• AIM OF THE EXERCISE: Set down every record below exactly as written, but leave out the pictures.
---------- GIVEN DATA
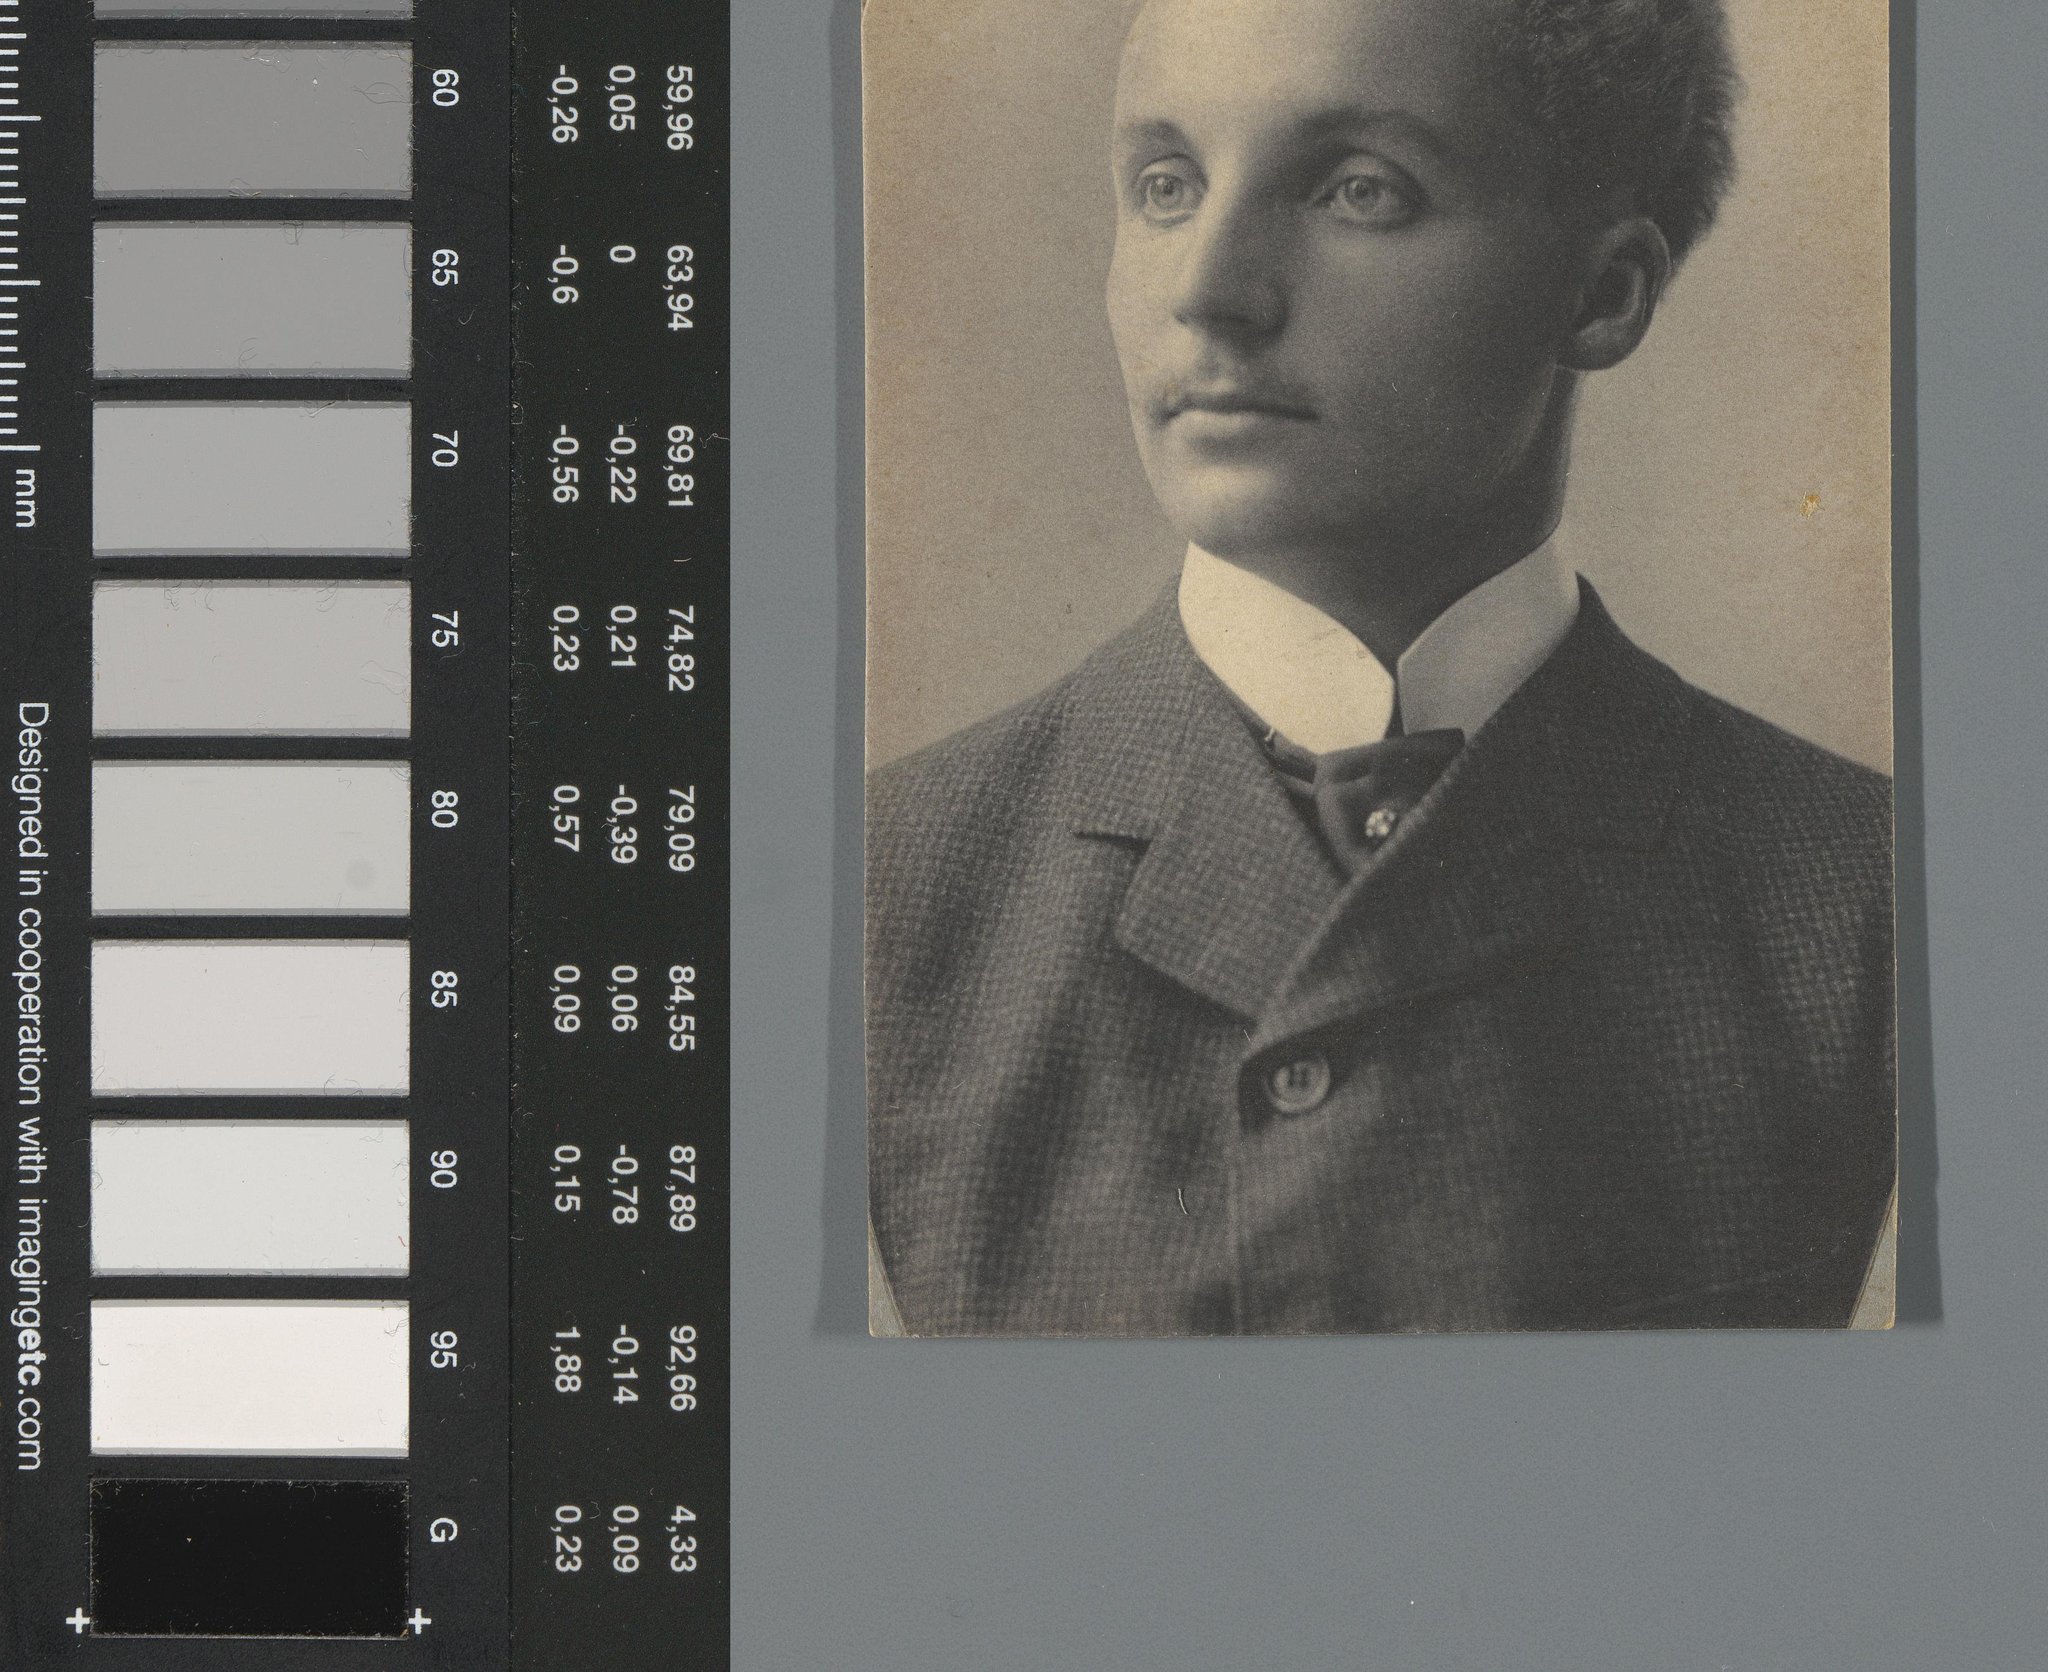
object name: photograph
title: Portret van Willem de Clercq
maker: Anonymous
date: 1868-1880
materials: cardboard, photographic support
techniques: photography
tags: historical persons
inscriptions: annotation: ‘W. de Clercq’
--------------------
• ANSWER FOR THE TASK:
object name: photograph
title: Portret van Willem de Clercq
maker: Anonymous
date: 1868-1880
materials: cardboard, photographic support
techniques: photography
tags: historical persons
inscriptions: annotation: ‘W. de Clercq’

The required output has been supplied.